A San Diego man who led a criminal ring that defrauded Apple out of at least $6.1 million by swapping fake iPhones and iPads from China for real ones in the U.S. and Canada was sentenced Monday to four years and three months in federal prison.
Zhiwei “Allen” Loop Liao, 36, admitted that he was the leader of an aggressive and prolific exchange fraud scheme that also included his two brothers, each of their wives and more than a half-dozen other co-conspirators in the U.S. and China.
Prosecutors unsealed a 76-count indictment against the brothers and their co-conspirators in 2019 on the same day the FBI raided several San Diego-area homes and businesses connected to the Liao family, who are naturalized U.S. citizens from China. Zhiwei Liao pleaded guilty to a single criminal count of conspiracy to traffic in counterfeit goods in 2022 as part of a package plea agreement with many of the other defendants.
“You came up with all this and ran it all,” U.S. District Judge Cynthia Bashant told Liao on Monday.

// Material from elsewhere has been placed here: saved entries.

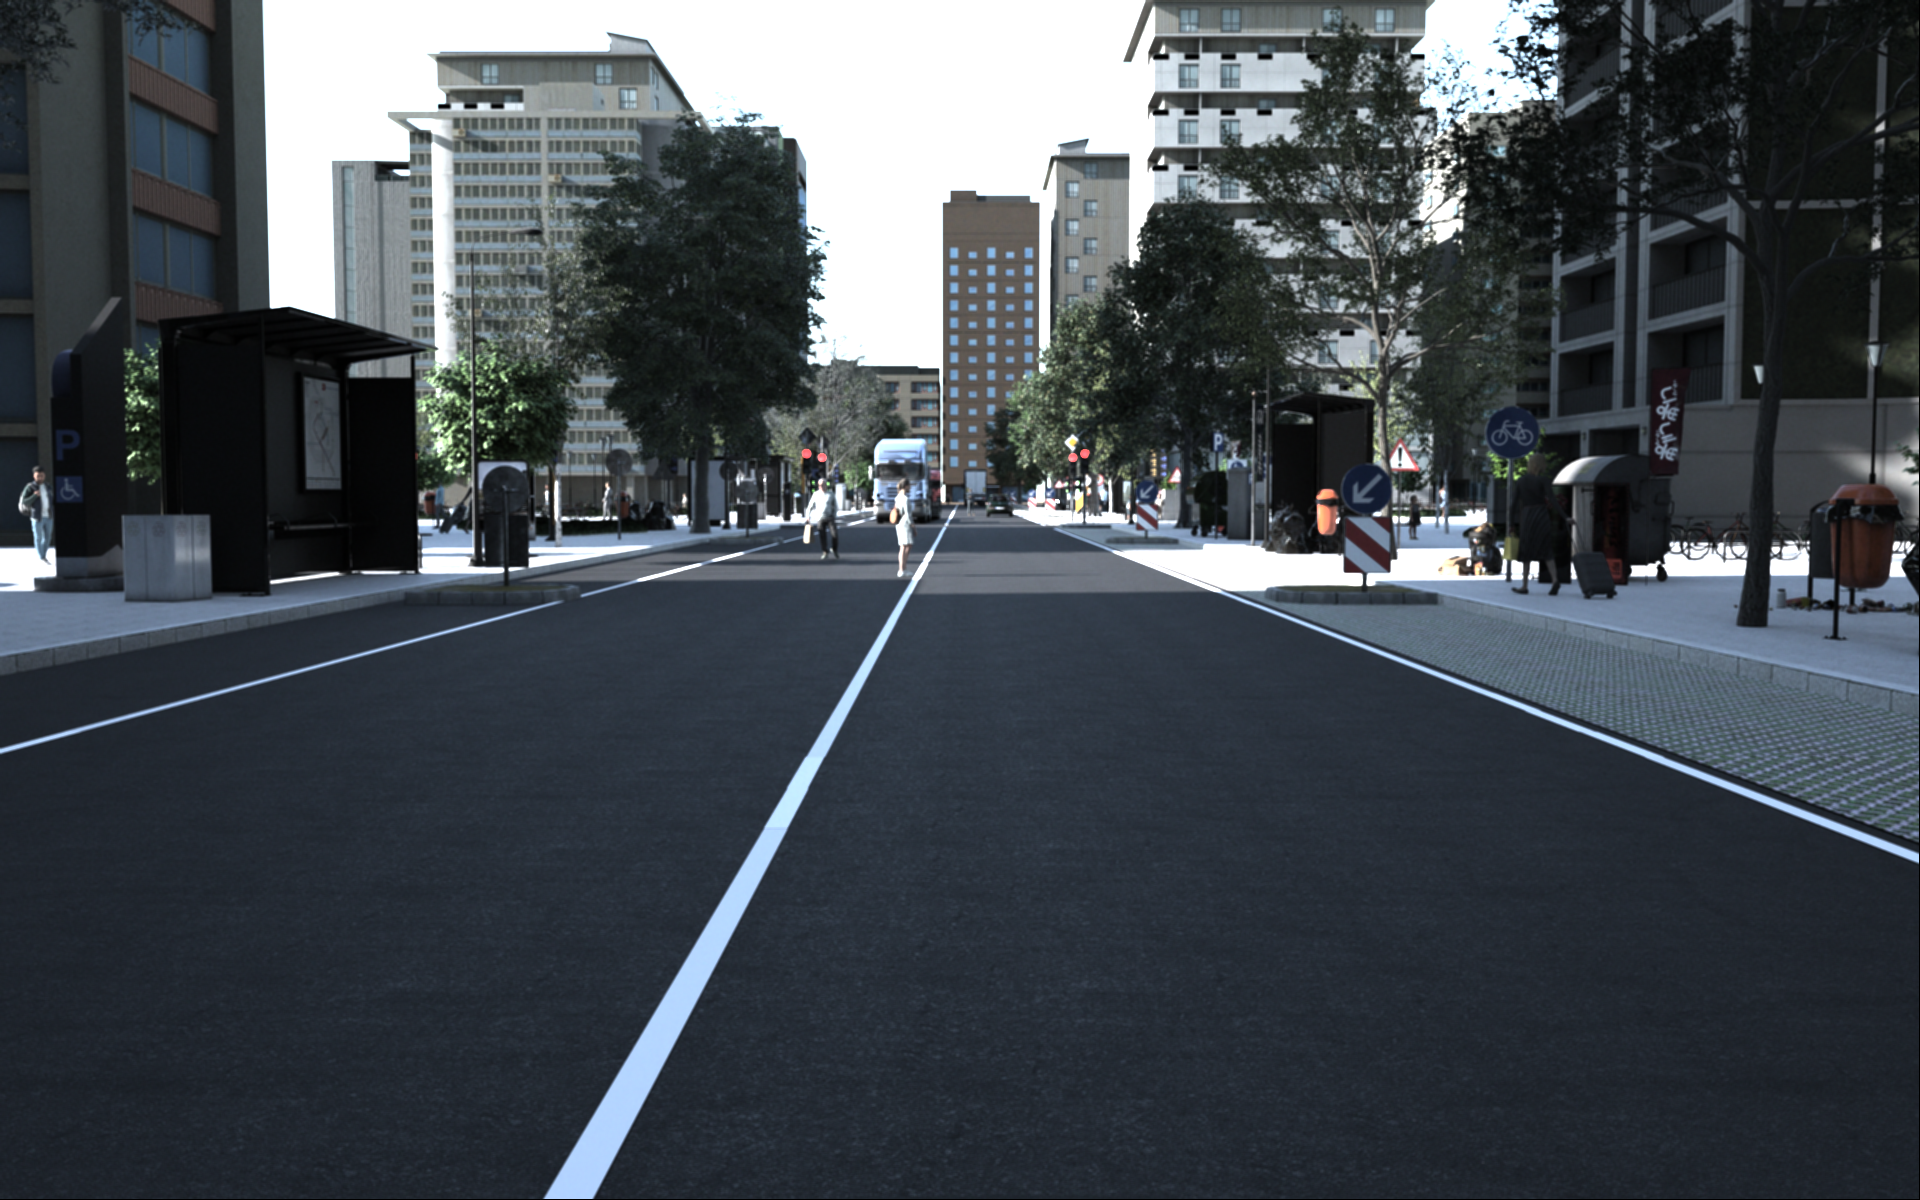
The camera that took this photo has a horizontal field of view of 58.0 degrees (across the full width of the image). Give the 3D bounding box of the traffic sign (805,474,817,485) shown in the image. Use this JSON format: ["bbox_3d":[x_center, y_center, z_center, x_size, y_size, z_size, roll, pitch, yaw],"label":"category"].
[{"bbox_3d":[-9.306,-6.564,107.323,0.884,2.594,0.081,0,4,1],"label":"traffic sign"}]

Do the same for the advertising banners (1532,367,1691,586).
[{"bbox_3d":[9.152,-1.725,24.389,2.074,3.025,0.090,2,4,31],"label":"advertising banners"}]

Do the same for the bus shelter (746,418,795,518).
[{"bbox_3d":[-10.441,-7.109,93.866,2.179,5.291,8.768,0,4,0],"label":"bus shelter"}]

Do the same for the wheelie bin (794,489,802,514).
[{"bbox_3d":[-10.307,-6.327,111.357,0.693,1.594,0.980,0,4,-4],"label":"wheelie bin"}]

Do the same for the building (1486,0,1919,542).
[{"bbox_3d":[29.163,-37.417,50.024,20.563,71.187,20.611,0,3,0],"label":"building"}]

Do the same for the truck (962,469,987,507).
[{"bbox_3d":[1.716,-13.016,201.723,2.839,4.237,11.283,0,4,-1],"label":"truck"}]

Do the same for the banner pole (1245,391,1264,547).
[{"bbox_3d":[7.290,-3.208,42.460,0.401,3.779,0.863,2,4,32],"label":"banner pole"}]

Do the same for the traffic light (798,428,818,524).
[{"bbox_3d":[-6.427,-5.149,73.109,0.839,4.253,0.868,0,3,0],"label":"traffic light"}]

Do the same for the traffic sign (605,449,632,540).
[{"bbox_3d":[-9.602,-2.975,48.755,0.768,2.556,0.104,0,4,1],"label":"traffic sign"}]

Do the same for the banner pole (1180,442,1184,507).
[{"bbox_3d":[9.317,-5.057,72.695,0.401,3.779,0.863,0,4,0],"label":"banner pole"}]

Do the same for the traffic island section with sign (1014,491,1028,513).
[{"bbox_3d":[5.403,-7.614,133.122,1.989,1.847,2.006,0,3,0],"label":"traffic island section with sign"}]

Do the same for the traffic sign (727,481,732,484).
[{"bbox_3d":[-12.044,-5.441,89.073,0.768,2.556,0.104,0,4,1],"label":"traffic sign"}]

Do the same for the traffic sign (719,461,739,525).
[{"bbox_3d":[-8.913,-4.078,66.774,0.768,2.556,0.104,1,4,9],"label":"traffic sign"}]

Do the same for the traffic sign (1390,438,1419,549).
[{"bbox_3d":[10.184,-2.455,40.141,0.884,2.594,0.081,0,4,7],"label":"traffic sign"}]

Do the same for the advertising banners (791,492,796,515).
[{"bbox_3d":[-11.082,-6.779,107.026,2.074,3.025,0.090,-2,4,-33],"label":"advertising banners"}]

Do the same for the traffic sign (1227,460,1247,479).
[{"bbox_3d":[8.073,-2.961,50.535,0.606,2.300,0.079,0,4,3],"label":"traffic sign"}]

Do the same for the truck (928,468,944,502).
[{"bbox_3d":[-3.274,-12.065,186.184,2.839,4.237,11.283,0,4,-2],"label":"truck"}]

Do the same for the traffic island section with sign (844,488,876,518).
[{"bbox_3d":[-6.071,-5.972,106.266,1.989,1.847,2.006,0,3,0],"label":"traffic island section with sign"}]

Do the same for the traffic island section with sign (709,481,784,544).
[{"bbox_3d":[-6.179,-2.556,50.419,1.989,1.847,2.006,0,3,0],"label":"traffic island section with sign"}]

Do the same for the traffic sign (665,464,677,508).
[{"bbox_3d":[-11.136,-4.027,65.946,0.768,2.556,0.104,0,4,5],"label":"traffic sign"}]

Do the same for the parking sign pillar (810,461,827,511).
[{"bbox_3d":[-10.892,-8.854,133.240,1.447,3.967,1.447,-1,4,-13],"label":"parking sign pillar"}]

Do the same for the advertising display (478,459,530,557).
[{"bbox_3d":[-8.542,-1.662,32.396,0.974,1.923,0.123,0,4,-7],"label":"advertising display"}]

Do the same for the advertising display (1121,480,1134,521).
[{"bbox_3d":[7.975,-4.732,82.581,0.123,1.923,0.974,3,4,37],"label":"advertising display"}]

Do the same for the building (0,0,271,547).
[{"bbox_3d":[-34.130,-24.051,47.860,28.867,44.769,22.147,0,3,0],"label":"building"}]

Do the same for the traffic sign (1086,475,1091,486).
[{"bbox_3d":[8.170,-6.910,113.080,0.768,2.556,0.104,0,4,5],"label":"traffic sign"}]

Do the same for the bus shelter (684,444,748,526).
[{"bbox_3d":[-10.076,-4.741,71.441,2.014,3.302,5.546,0,3,0],"label":"bus shelter"}]

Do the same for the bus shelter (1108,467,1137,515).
[{"bbox_3d":[10.208,-7.303,110.686,1.731,3.624,6.357,0,3,0],"label":"bus shelter"}]

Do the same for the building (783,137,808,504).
[{"bbox_3d":[-26.450,-34.459,213.514,14.200,45.320,14.600,0,3,0],"label":"building"}]

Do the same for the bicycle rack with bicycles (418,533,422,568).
[{"bbox_3d":[-10.547,-1.015,29.971,2.852,0.926,2.925,-2,4,-30],"label":"bicycle rack with bicycles"}]

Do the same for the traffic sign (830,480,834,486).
[{"bbox_3d":[-10.621,-8.636,141.310,0.768,2.556,0.104,0,4,8],"label":"traffic sign"}]

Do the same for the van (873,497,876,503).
[{"bbox_3d":[-6.224,-8.370,143.864,2.013,2.044,4.112,0,4,0],"label":"van"}]

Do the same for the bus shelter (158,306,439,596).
[{"bbox_3d":[-9.211,-2.047,24.756,1.731,3.624,6.357,0,3,0],"label":"bus shelter"}]

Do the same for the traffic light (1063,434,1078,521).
[{"bbox_3d":[5.251,-5.637,81.086,0.839,4.253,0.868,0,3,0],"label":"traffic light"}]

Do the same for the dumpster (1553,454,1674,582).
[{"bbox_3d":[9.833,-1.243,26.077,1.264,1.857,1.865,0,4,0],"label":"dumpster"}]

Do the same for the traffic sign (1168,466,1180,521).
[{"bbox_3d":[10.157,-4.957,81.055,0.884,2.594,0.081,1,4,10],"label":"traffic sign"}]

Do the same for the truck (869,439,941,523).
[{"bbox_3d":[-2.602,-6.201,91.139,2.967,4.110,18.799,0,4,2],"label":"truck"}]

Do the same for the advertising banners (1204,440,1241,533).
[{"bbox_3d":[8.565,-3.708,56.819,0.090,3.025,2.074,-2,4,-29],"label":"advertising banners"}]

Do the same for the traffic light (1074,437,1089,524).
[{"bbox_3d":[5.235,-5.149,73.100,0.839,4.253,0.868,0,3,0],"label":"traffic light"}]

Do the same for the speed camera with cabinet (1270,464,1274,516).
[{"bbox_3d":[10.280,-3.593,53.085,0.660,3.252,2.038,-2,4,-29],"label":"speed camera with cabinet"}]

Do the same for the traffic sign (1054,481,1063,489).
[{"bbox_3d":[8.451,-9.033,147.693,0.884,2.594,0.081,0,4,7],"label":"traffic sign"}]

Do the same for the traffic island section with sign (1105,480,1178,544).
[{"bbox_3d":[5.229,-2.543,50.208,1.989,1.847,2.006,0,3,0],"label":"traffic island section with sign"}]

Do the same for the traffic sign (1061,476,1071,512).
[{"bbox_3d":[7.866,-7.757,126.835,0.884,2.594,0.081,1,4,9],"label":"traffic sign"}]

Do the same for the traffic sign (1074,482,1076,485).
[{"bbox_3d":[8.557,-7.612,124.453,0.884,2.594,0.081,0,4,1],"label":"traffic sign"}]

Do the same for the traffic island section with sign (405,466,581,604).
[{"bbox_3d":[-6.241,-0.907,23.464,1.989,1.847,2.006,0,3,0],"label":"traffic island section with sign"}]

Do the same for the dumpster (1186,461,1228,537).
[{"bbox_3d":[7.679,-3.042,52.227,1.502,2.255,1.985,0,4,0],"label":"dumpster"}]

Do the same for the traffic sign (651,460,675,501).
[{"bbox_3d":[-11.048,-3.941,64.438,0.884,2.594,0.081,0,4,2],"label":"traffic sign"}]

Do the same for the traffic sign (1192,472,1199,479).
[{"bbox_3d":[9.777,-4.476,73.292,0.768,2.556,0.104,0,4,3],"label":"traffic sign"}]

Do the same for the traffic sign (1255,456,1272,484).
[{"bbox_3d":[10.108,-3.489,57.155,0.768,2.556,0.104,0,4,8],"label":"traffic sign"}]

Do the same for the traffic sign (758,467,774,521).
[{"bbox_3d":[-9.145,-4.979,81.516,0.768,2.556,0.104,0,4,1],"label":"traffic sign"}]

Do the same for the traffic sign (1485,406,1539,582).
[{"bbox_3d":[8.015,-1.536,25.221,0.768,2.556,0.104,0,4,5],"label":"traffic sign"}]

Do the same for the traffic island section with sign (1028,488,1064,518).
[{"bbox_3d":[5.354,-5.943,105.798,1.989,1.847,2.006,0,3,0],"label":"traffic island section with sign"}]

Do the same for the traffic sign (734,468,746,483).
[{"bbox_3d":[-11.335,-5.429,88.502,0.795,2.593,0.064,1,4,9],"label":"traffic sign"}]

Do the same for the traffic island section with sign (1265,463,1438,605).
[{"bbox_3d":[5.174,-0.894,23.252,1.989,1.847,2.006,0,3,0],"label":"traffic island section with sign"}]

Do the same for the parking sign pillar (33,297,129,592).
[{"bbox_3d":[-11.637,-2.122,23.166,1.447,3.967,1.447,0,4,-3],"label":"parking sign pillar"}]

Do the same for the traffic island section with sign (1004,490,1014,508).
[{"bbox_3d":[5.512,-10.726,183.996,1.989,1.847,2.006,0,3,0],"label":"traffic island section with sign"}]

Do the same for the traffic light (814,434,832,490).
[{"bbox_3d":[-6.410,-5.638,81.094,0.839,4.253,0.868,0,3,0],"label":"traffic light"}]

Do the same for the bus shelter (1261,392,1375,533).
[{"bbox_3d":[8.760,-3.159,42.939,1.731,3.624,6.357,0,3,0],"label":"bus shelter"}]

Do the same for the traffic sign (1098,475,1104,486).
[{"bbox_3d":[8.463,-6.503,106.428,0.768,2.556,0.104,0,4,7],"label":"traffic sign"}]

Bashant previously sentenced Liao’s brothers, Zhimin “Jimmy” Liao and Zhiting “Tim” Liao, to three years and five months each in prison. The three wives were each sentenced to probation.
Prosecutors said the exchange scheme began as early as 2011 and worked like this: Counterfeit iPhones and iPads were manufactured in China with serial numbers and International Mobile Equipment Identity — or IMEI — numbers that matched genuine phones and tablets owned by real users that were under Apple warranty. Once the fake products were shipped to San Diego, the defendants would intentionally break them and try to exchange them for real, new devices. Those devices would then be sent back to China and sold at a markup.
The defendants fanned out across North America to avoid detection, hitting Apple stores in 40 states and Canada. Liao’s plea agreement states he and his brothers directed their co-defendants “to exchange more than 10,000 counterfeit iPhones for genuine iPhones” and Liao “personally received at least $6.1 million in proceeds.”
Assistant U.S. Attorney Timothy Salel said Monday in court that Liao communicated with counterfeiters in China and imported the fake devices; paid the couriers who executed the exchanges; exported the fraudulently obtained real devices to China; and directed wire transfers connected with the conspiracy.
Salel said the other defendants “all pointed to (Liao) as the leader.”
Defense attorney Jan Ronis said his client micro-managed the criminal conspiracy — but also the package plea deal for him and his family that resolved the case.
“He was motivated by his desire to financially provide for his family,” Ronis wrote in sentencing documents. “In his misguided efforts he involved his family in the conspiracy as a way to also ensure their financial success but now realizes he has put them in a precarious situation. He has expressed remorse for his decisions and given the opportunity again he would not have gotten involved.”
As part of their plea package, the defendants forfeited five homes worth about $4.1 million and more than $250,000 in criminal proceeds, Salel said.